Ideally we could create a podman network type with a can interface as parent and have netavark create vxcan interfaces and handle the can_gw config when containers are created; but that'll take a bit of work.

tl;dr

There's probably quite a lot of work to do and I don't have time to help much short term, but I'm opening this to track any future work about it, and if stars align I might contribute later if there's an agreement on the way forward.

[Luap99]

I doubt that this has many users and it would complicate the maintenance for us so I would not be favor of inculding something like this by default.

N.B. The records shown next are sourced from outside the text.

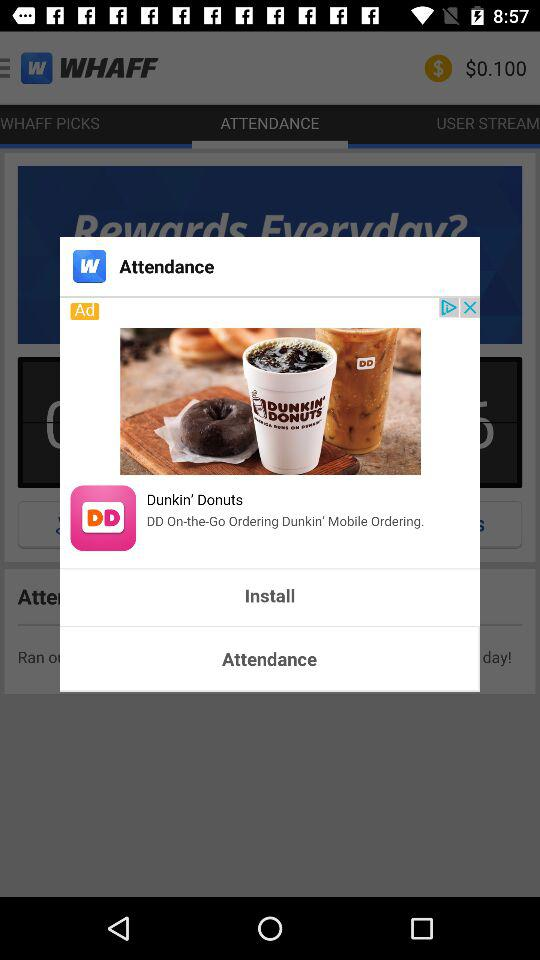What is the price? The price is $0.100. 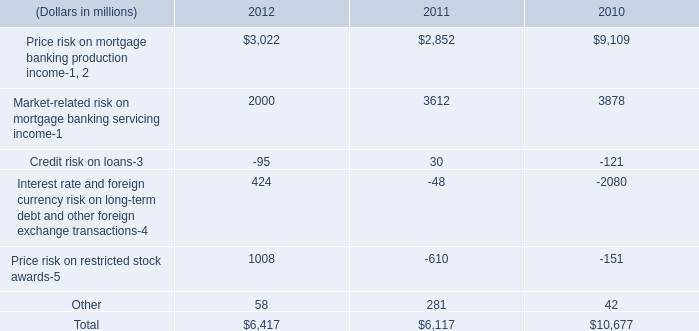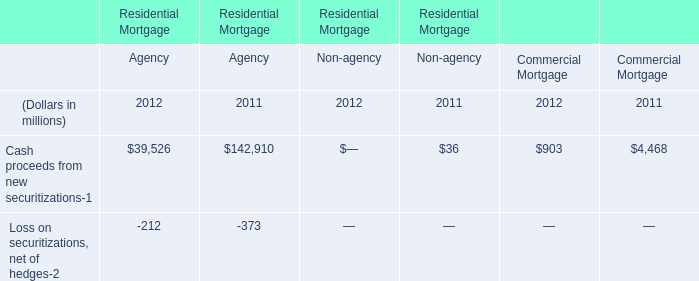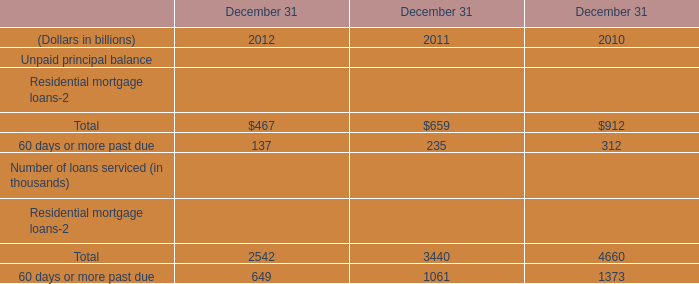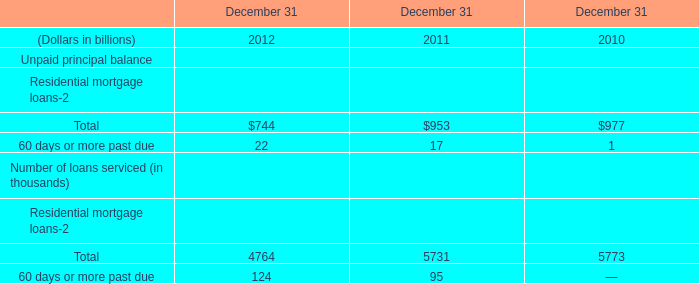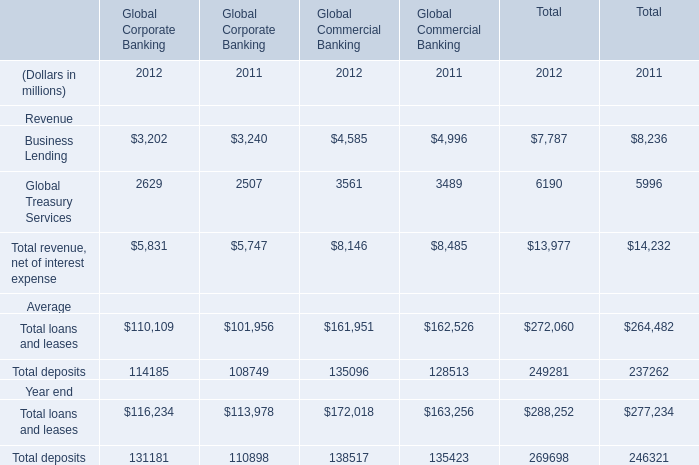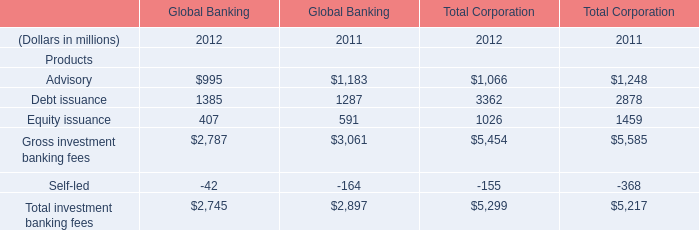What's the increasing rate of Global Treasury Services of Global Commercial Banking in 2012? (in %) 
Computations: ((3561 - 3489) / 3489)
Answer: 0.02064. 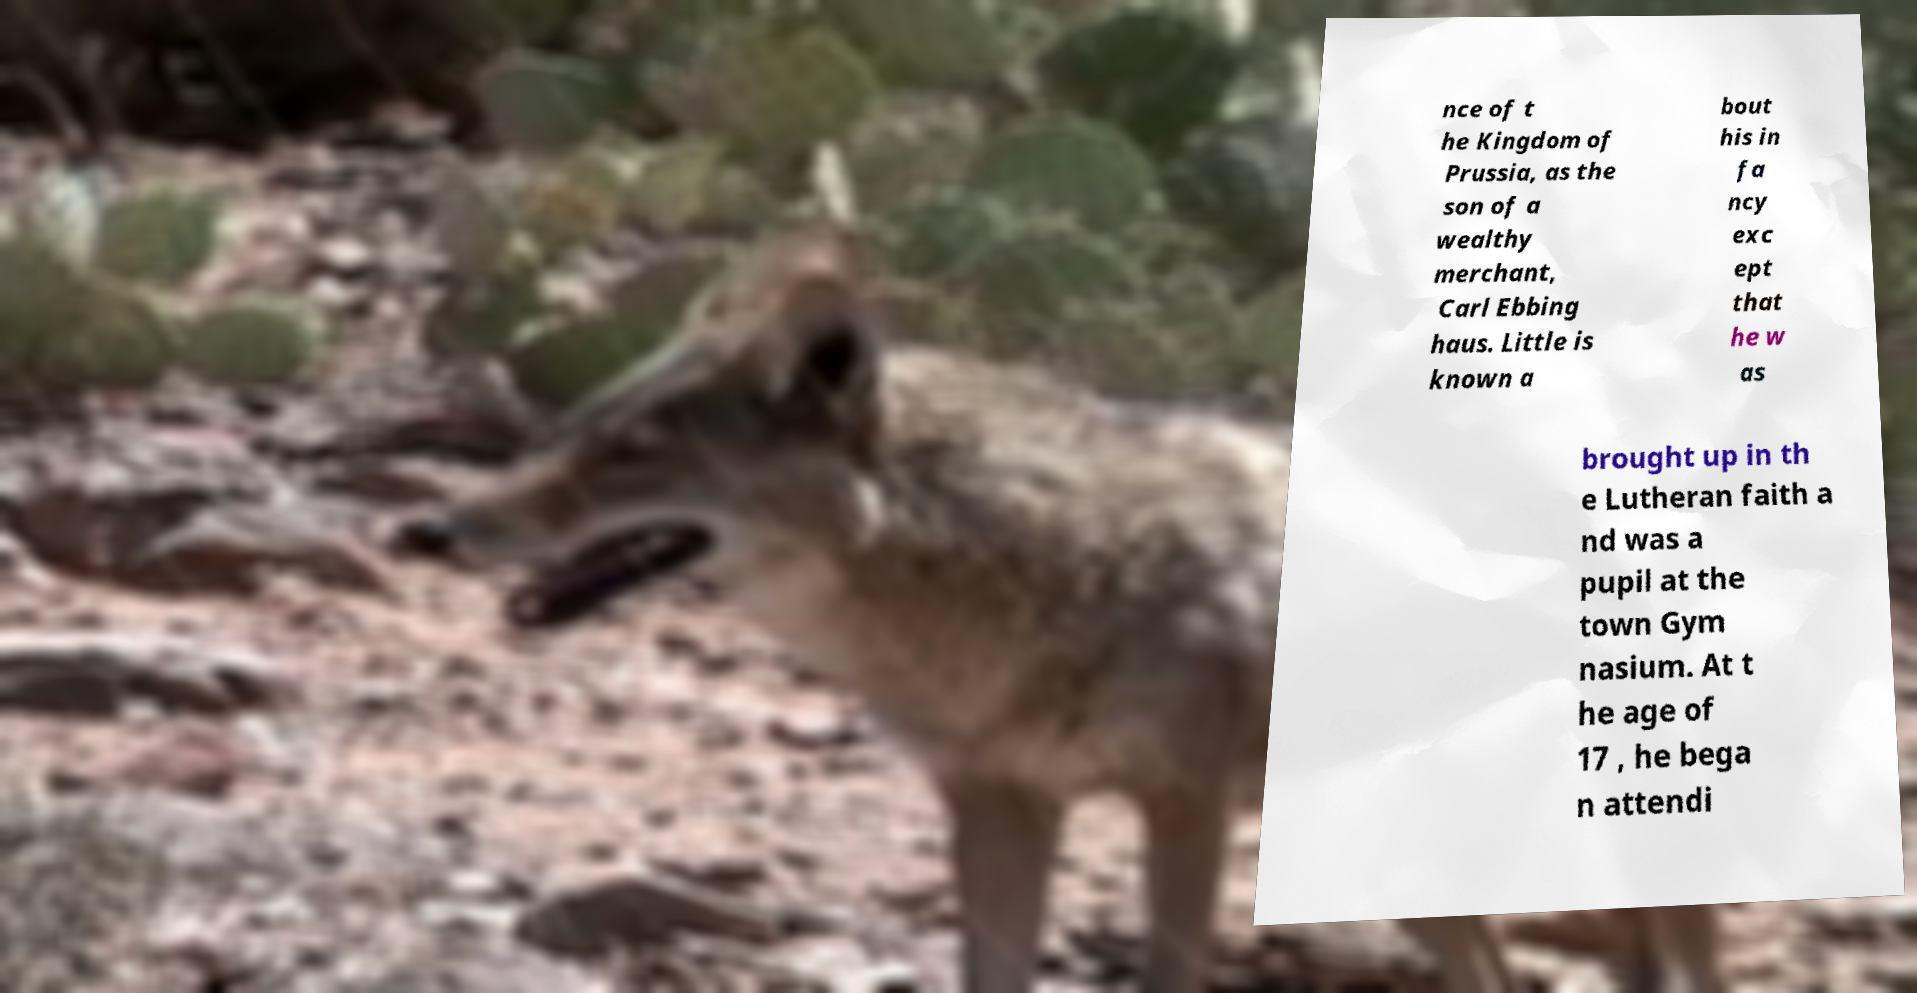Could you assist in decoding the text presented in this image and type it out clearly? nce of t he Kingdom of Prussia, as the son of a wealthy merchant, Carl Ebbing haus. Little is known a bout his in fa ncy exc ept that he w as brought up in th e Lutheran faith a nd was a pupil at the town Gym nasium. At t he age of 17 , he bega n attendi 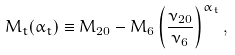<formula> <loc_0><loc_0><loc_500><loc_500>M _ { t } ( \alpha _ { t } ) \equiv M _ { 2 0 } - M _ { 6 } \left ( \frac { \nu _ { 2 0 } } { \nu _ { 6 } } \right ) ^ { \alpha _ { t } } ,</formula> 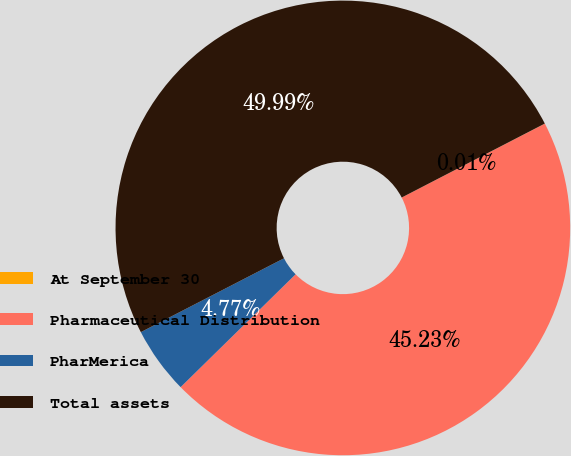Convert chart to OTSL. <chart><loc_0><loc_0><loc_500><loc_500><pie_chart><fcel>At September 30<fcel>Pharmaceutical Distribution<fcel>PharMerica<fcel>Total assets<nl><fcel>0.01%<fcel>45.23%<fcel>4.77%<fcel>49.99%<nl></chart> 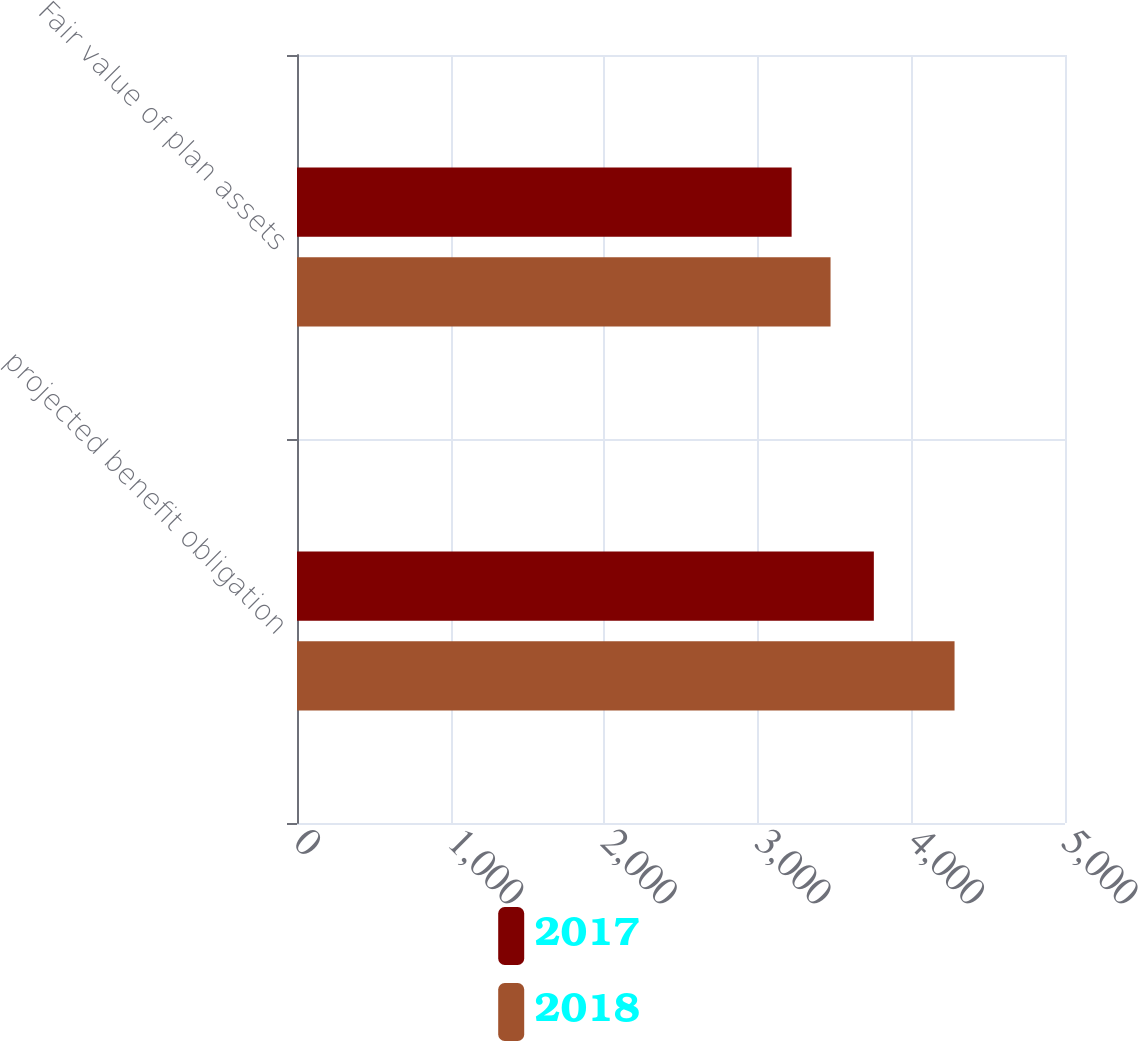Convert chart. <chart><loc_0><loc_0><loc_500><loc_500><stacked_bar_chart><ecel><fcel>projected benefit obligation<fcel>Fair value of plan assets<nl><fcel>2017<fcel>3755.5<fcel>3220.2<nl><fcel>2018<fcel>4280.9<fcel>3473.6<nl></chart> 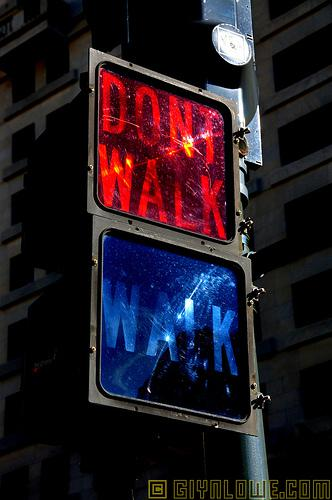Question: when was the picture taken?
Choices:
A. Summer time.
B. In the daytime.
C. Winter time.
D. Night time.
Answer with the letter. Answer: B Question: what do the signs say?
Choices:
A. Walk and Don't walk.
B. One way.
C. Stop.
D. End of road work.
Answer with the letter. Answer: A Question: where was the picture taken?
Choices:
A. At a park.
B. On the freeway.
C. In a parking lot.
D. On a street corner.
Answer with the letter. Answer: D Question: what color is the Walk sign?
Choices:
A. White.
B. Blue and White.
C. Red.
D. Orange.
Answer with the letter. Answer: B 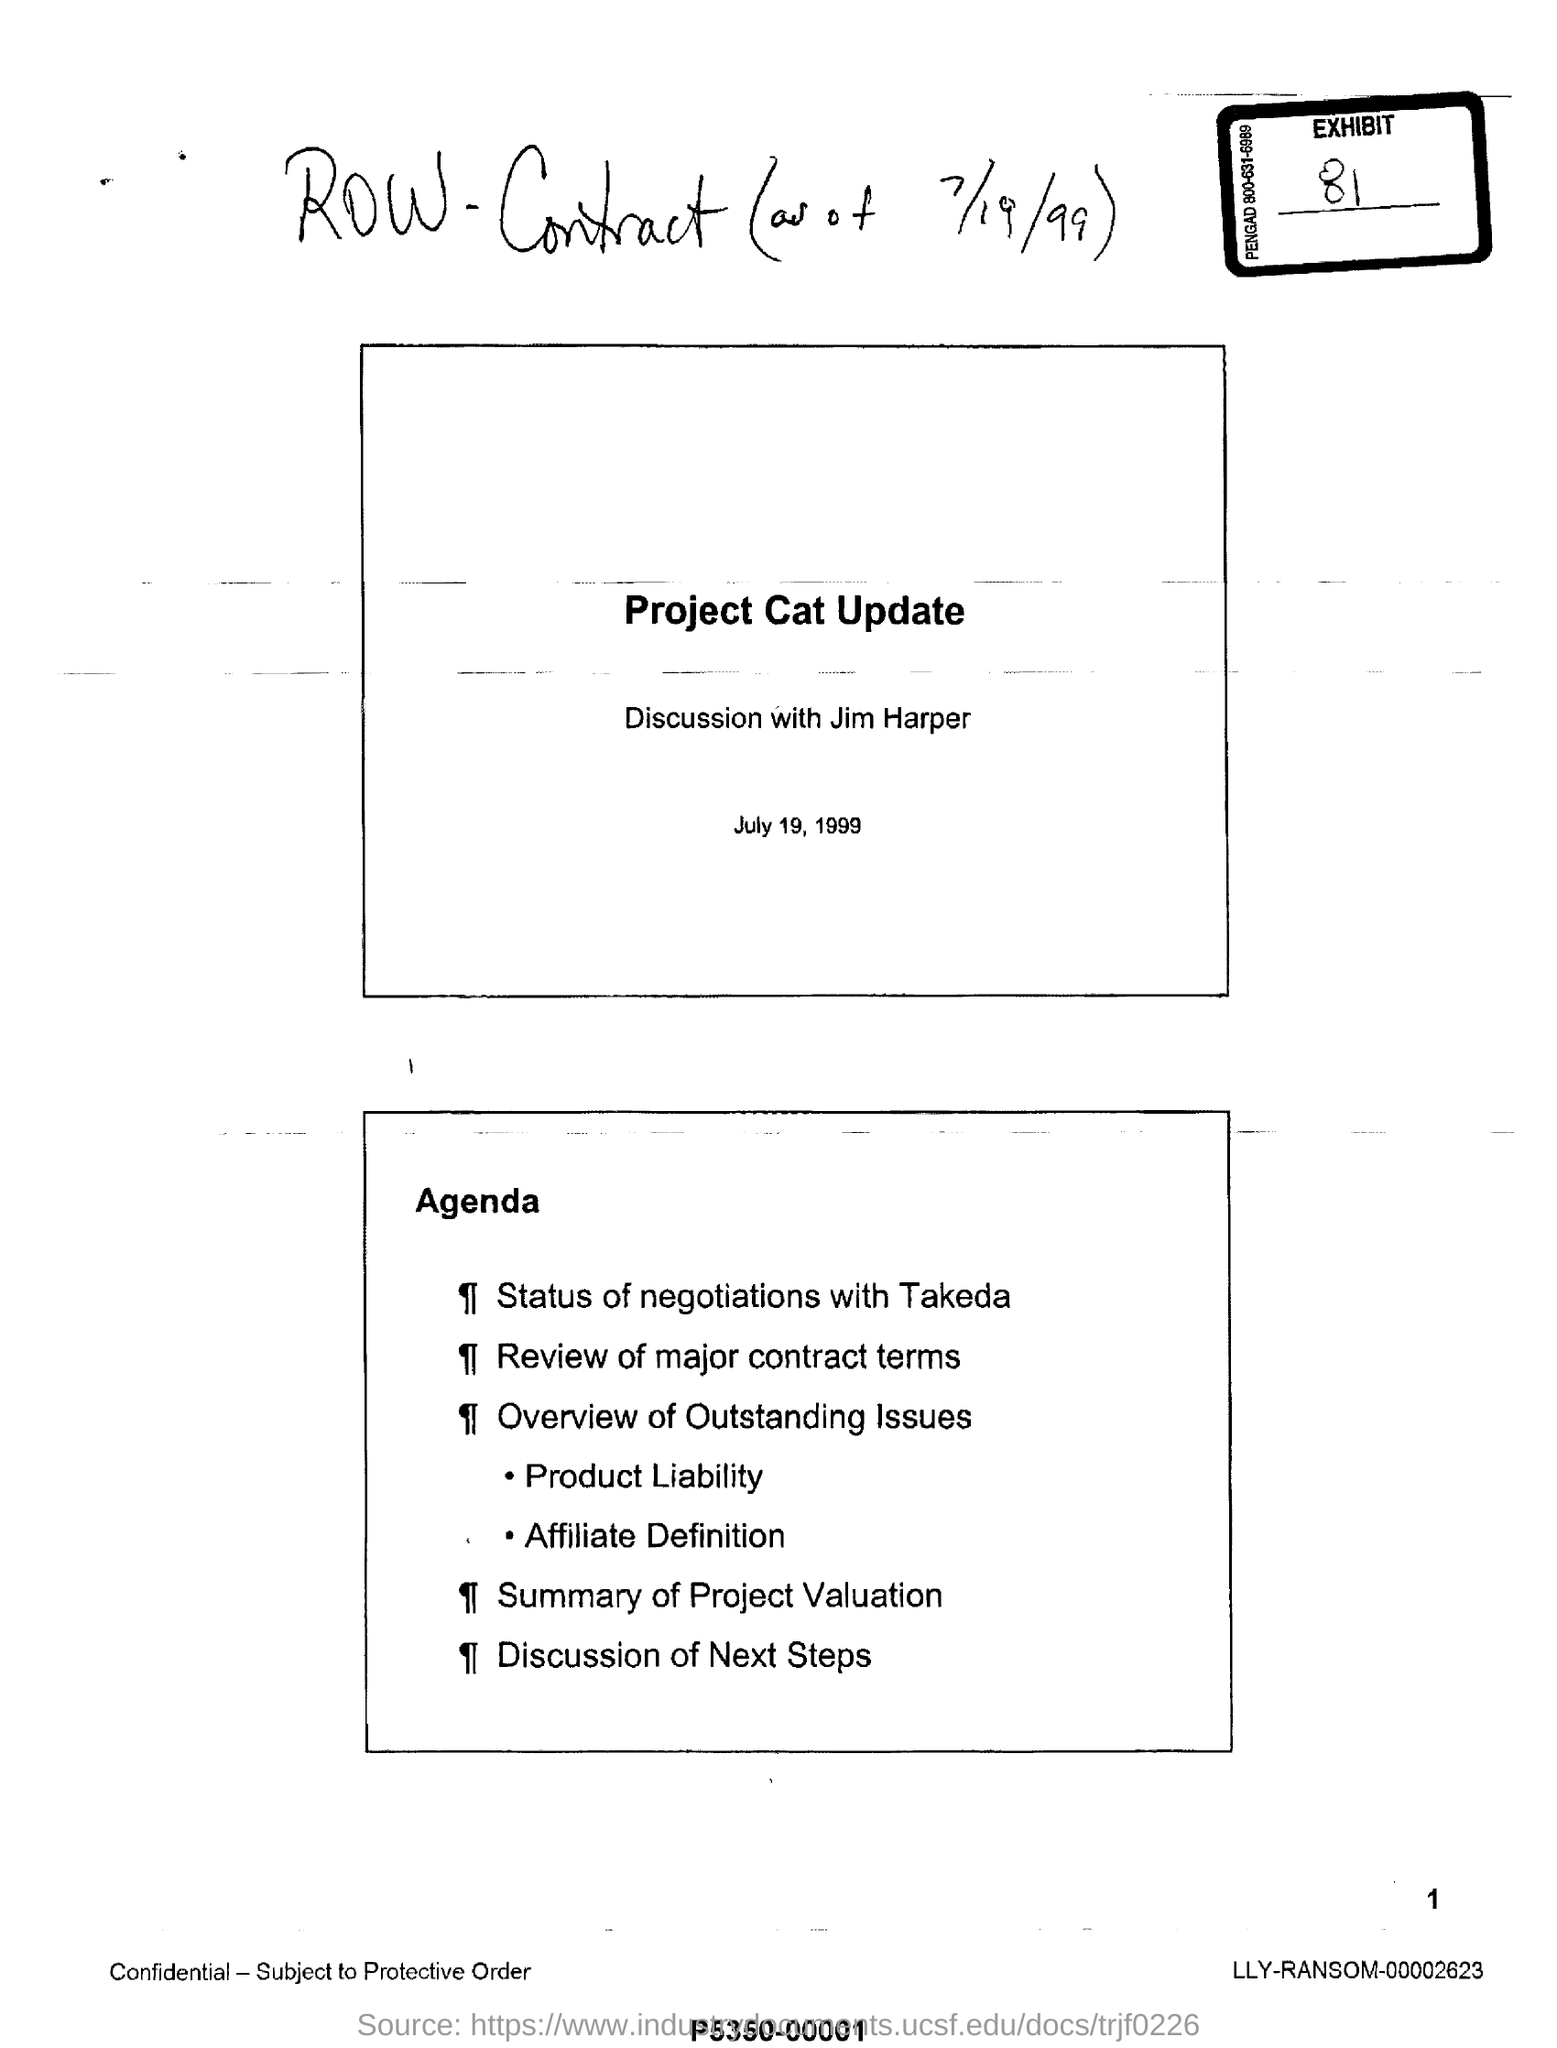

However we do offer a plugin system https://github.com/containers/netavark/blob/main/plugin-API.md so you could implement this externally without us.

[martinetd]

That's fair - I agree this is quite an embedded niche, but I think podman is starting to get quite a few embedded users so let's see if someone else shows up :)

Ultimately I was saying a lot of work because this is interfaces I'm not familiar with, but I don't think it has to be very complex so I think it stands a chance if it can be made simple enough (if it really fits in netlink if create, placing in ns and some mostly-static forwarding rule it probably won't need much maintenance, and vcan allows easy testing without hardware so there's also no risk of bitrot if done properly).
One of the big plus for netavark for me was that it includes all of the old CNI plugins into a single binary so I'd rather not go back to the extra binaries slope, especially since the example plugins are rather big for some reason (just did a release build as of main branch and even the noop plugins are around 5MB?!), but I also understand your position.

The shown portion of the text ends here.